─── Dataset content
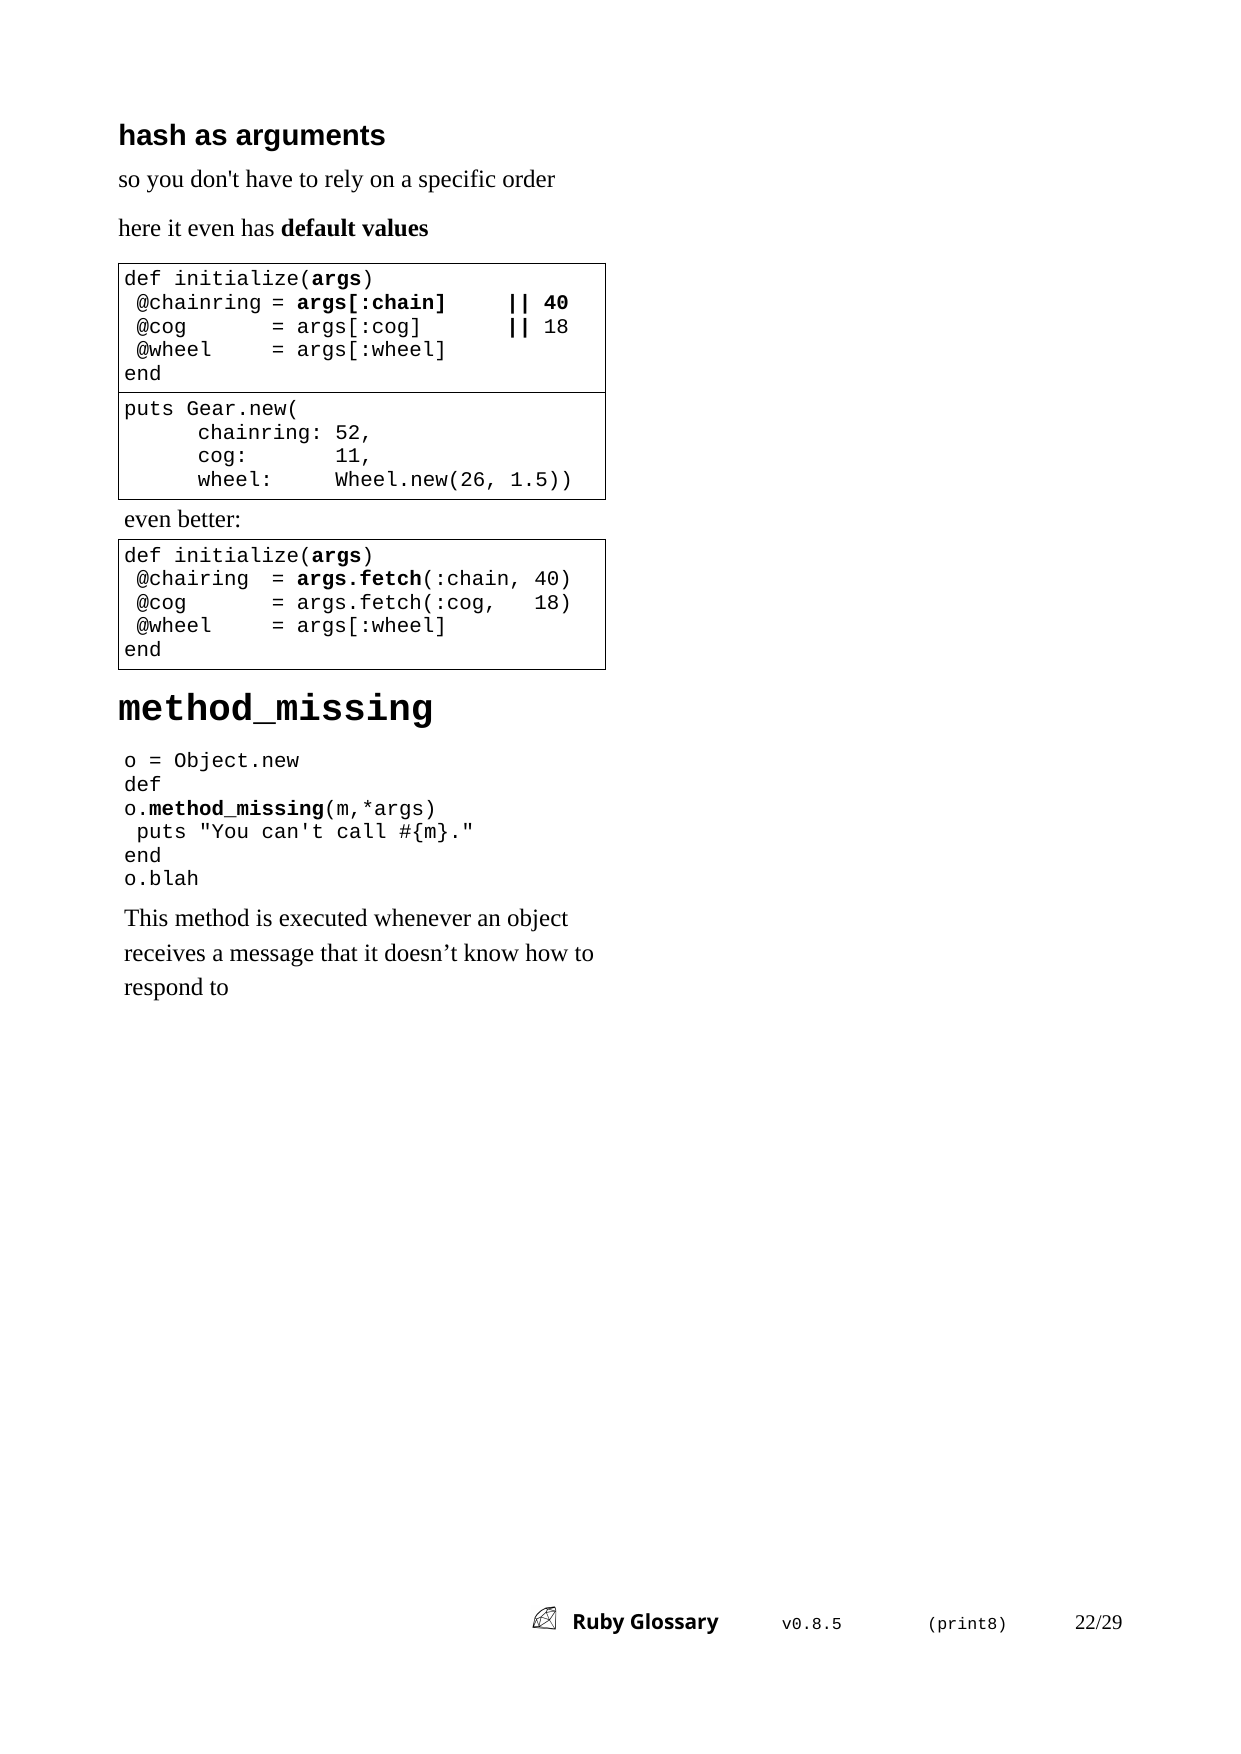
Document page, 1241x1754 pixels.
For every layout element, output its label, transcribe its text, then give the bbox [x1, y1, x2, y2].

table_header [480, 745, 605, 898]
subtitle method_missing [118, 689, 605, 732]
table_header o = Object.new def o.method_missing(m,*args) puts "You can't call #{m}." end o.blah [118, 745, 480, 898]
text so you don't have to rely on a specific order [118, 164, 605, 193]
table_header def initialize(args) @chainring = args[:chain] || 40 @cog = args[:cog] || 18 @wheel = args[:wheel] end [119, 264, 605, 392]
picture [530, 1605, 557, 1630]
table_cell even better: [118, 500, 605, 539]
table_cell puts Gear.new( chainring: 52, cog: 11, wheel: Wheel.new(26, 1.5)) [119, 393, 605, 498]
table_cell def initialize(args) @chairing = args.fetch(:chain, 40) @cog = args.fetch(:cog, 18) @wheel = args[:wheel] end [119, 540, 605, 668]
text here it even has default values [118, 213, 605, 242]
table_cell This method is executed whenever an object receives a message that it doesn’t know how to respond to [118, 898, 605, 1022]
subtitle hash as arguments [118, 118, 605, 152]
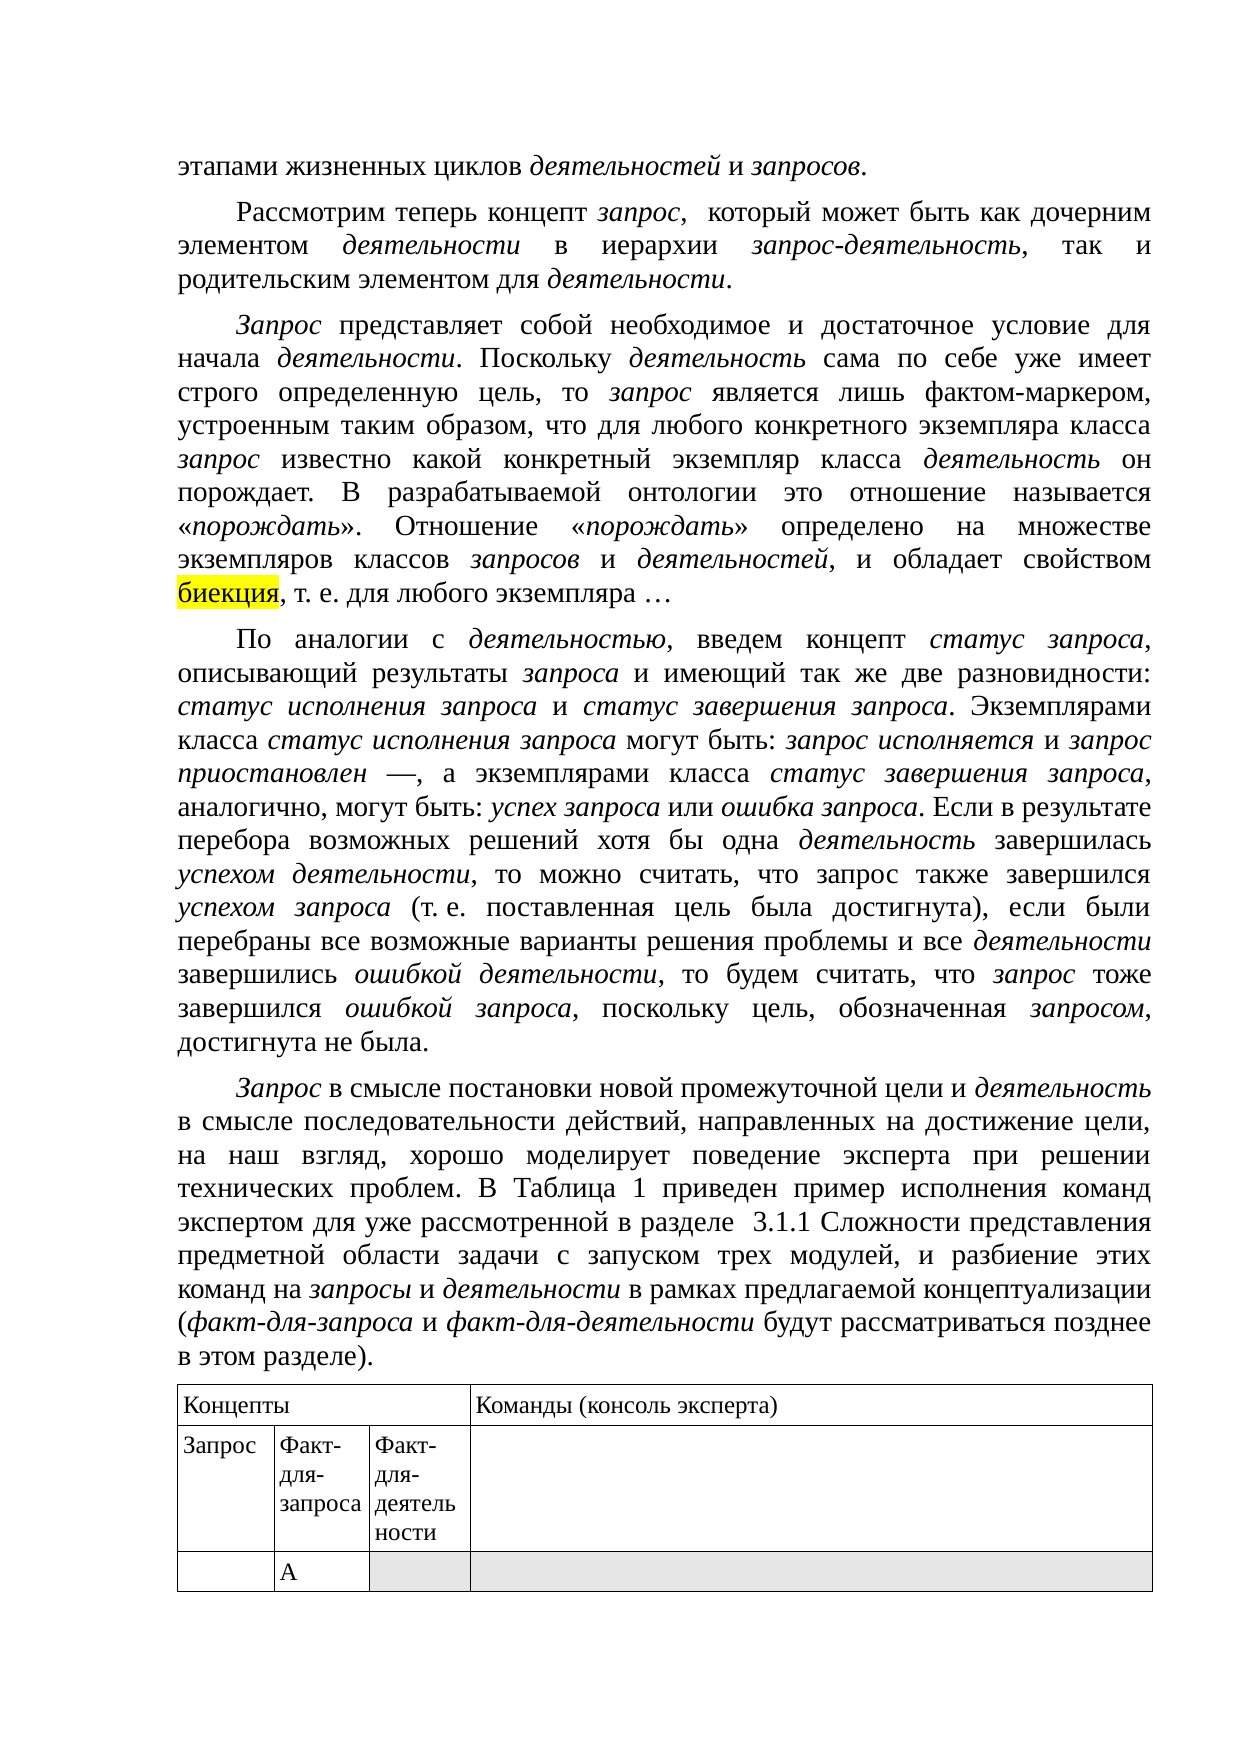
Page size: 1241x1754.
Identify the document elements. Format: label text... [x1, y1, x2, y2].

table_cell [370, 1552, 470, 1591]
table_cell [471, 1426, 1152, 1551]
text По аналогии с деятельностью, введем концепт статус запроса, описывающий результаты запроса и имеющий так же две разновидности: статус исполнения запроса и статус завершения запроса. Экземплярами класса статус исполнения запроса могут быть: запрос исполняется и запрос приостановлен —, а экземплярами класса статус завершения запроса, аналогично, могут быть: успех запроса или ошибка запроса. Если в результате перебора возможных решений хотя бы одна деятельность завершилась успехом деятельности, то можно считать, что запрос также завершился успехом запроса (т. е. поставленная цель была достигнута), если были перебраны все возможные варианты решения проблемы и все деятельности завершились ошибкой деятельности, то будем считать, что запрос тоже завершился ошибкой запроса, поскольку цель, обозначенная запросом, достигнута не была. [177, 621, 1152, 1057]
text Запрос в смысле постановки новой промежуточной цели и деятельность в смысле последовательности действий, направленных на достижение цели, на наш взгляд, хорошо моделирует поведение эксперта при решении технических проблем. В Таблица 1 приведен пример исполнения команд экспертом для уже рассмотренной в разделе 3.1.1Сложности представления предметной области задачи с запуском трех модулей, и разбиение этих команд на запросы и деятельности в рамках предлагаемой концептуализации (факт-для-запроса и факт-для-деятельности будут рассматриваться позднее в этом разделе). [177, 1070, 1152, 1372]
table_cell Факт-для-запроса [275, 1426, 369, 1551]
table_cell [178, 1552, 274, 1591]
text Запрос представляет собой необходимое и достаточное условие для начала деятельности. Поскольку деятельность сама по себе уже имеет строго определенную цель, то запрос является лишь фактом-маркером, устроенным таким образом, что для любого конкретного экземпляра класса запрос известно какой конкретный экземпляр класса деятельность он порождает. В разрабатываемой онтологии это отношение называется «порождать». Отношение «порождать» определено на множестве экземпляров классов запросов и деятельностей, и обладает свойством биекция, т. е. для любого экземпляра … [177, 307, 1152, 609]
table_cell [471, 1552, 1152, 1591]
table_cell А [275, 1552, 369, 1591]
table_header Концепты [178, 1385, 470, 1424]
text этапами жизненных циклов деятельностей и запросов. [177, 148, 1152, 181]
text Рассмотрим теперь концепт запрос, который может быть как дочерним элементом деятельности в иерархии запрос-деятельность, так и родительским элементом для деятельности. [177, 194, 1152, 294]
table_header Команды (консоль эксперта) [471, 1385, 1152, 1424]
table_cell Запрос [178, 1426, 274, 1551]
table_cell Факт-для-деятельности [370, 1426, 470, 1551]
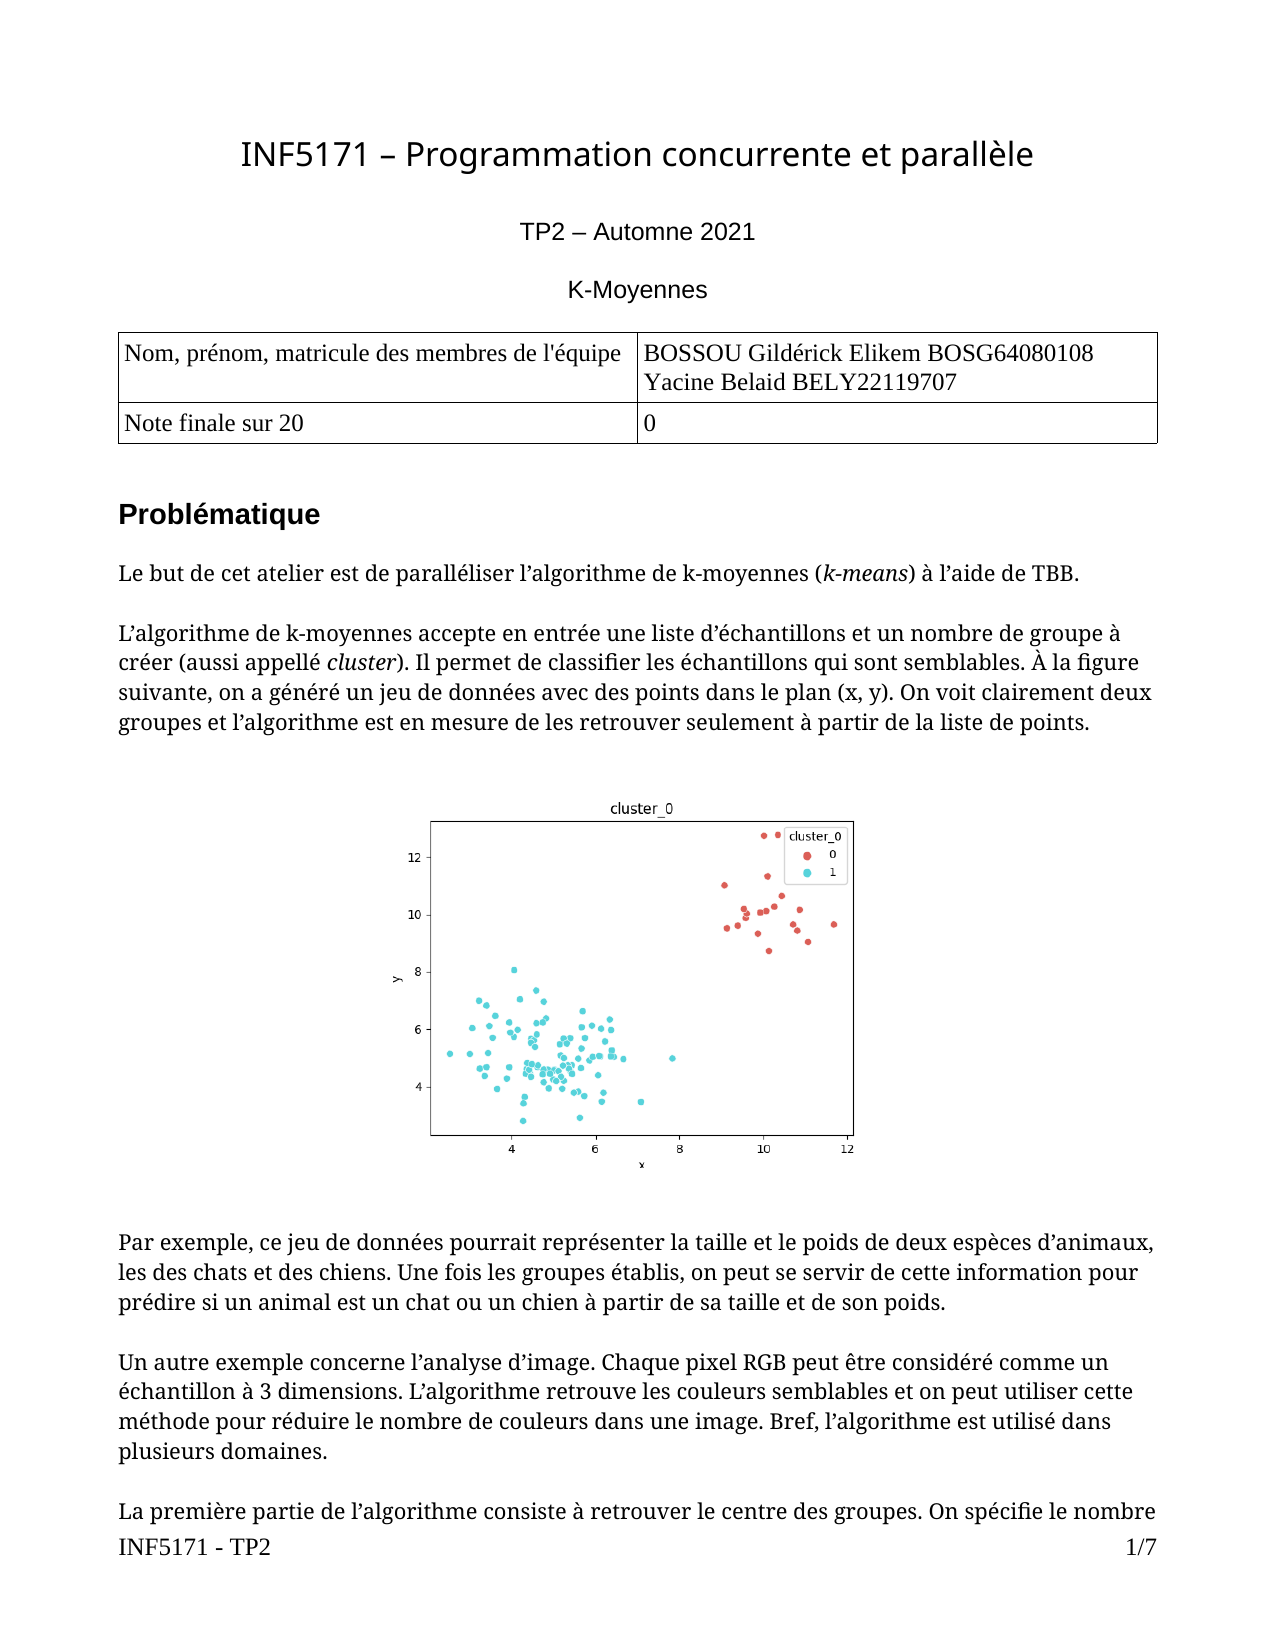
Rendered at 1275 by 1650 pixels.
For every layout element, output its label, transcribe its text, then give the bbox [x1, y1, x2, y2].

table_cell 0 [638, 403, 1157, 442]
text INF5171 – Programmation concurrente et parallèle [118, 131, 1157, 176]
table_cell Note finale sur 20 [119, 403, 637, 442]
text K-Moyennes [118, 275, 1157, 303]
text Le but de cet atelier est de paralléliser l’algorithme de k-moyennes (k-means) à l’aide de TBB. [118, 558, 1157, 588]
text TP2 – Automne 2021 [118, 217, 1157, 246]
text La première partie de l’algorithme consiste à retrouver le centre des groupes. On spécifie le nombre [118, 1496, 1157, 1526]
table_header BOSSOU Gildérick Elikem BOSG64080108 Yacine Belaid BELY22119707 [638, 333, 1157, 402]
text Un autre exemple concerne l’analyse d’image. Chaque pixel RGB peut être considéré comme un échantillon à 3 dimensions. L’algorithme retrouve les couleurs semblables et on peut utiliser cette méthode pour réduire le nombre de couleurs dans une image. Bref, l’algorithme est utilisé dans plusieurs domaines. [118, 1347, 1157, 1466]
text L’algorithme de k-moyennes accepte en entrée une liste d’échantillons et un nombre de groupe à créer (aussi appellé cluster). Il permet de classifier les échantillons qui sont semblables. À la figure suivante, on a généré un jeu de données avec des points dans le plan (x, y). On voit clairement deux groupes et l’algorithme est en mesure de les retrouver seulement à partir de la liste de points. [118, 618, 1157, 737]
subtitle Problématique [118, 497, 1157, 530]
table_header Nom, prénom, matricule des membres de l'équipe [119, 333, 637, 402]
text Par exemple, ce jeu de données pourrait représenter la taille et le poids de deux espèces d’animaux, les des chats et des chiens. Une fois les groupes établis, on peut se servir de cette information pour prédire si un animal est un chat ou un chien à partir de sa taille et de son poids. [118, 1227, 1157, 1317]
──────
• **Exercise prompt**
Retype, exactly and in full, the lines above from the one containing "text TP2 – Automne 2021 [118, 217, 1157, 246]" through the one containing "subtitle Problématique [118, 497, 1157, 530]".

• **Answer to the problem**
text TP2 – Automne 2021 [118, 217, 1157, 246]
text La première partie de l’algorithme consiste à retrouver le centre des groupes. On spécifie le nombre [118, 1496, 1157, 1526]
table_header BOSSOU Gildérick Elikem BOSG64080108 Yacine Belaid BELY22119707 [638, 333, 1157, 402]
text Un autre exemple concerne l’analyse d’image. Chaque pixel RGB peut être considéré comme un échantillon à 3 dimensions. L’algorithme retrouve les couleurs semblables et on peut utiliser cette méthode pour réduire le nombre de couleurs dans une image. Bref, l’algorithme est utilisé dans plusieurs domaines. [118, 1347, 1157, 1466]
text L’algorithme de k-moyennes accepte en entrée une liste d’échantillons et un nombre de groupe à créer (aussi appellé cluster). Il permet de classifier les échantillons qui sont semblables. À la figure suivante, on a généré un jeu de données avec des points dans le plan (x, y). On voit clairement deux groupes et l’algorithme est en mesure de les retrouver seulement à partir de la liste de points. [118, 618, 1157, 737]
subtitle Problématique [118, 497, 1157, 530]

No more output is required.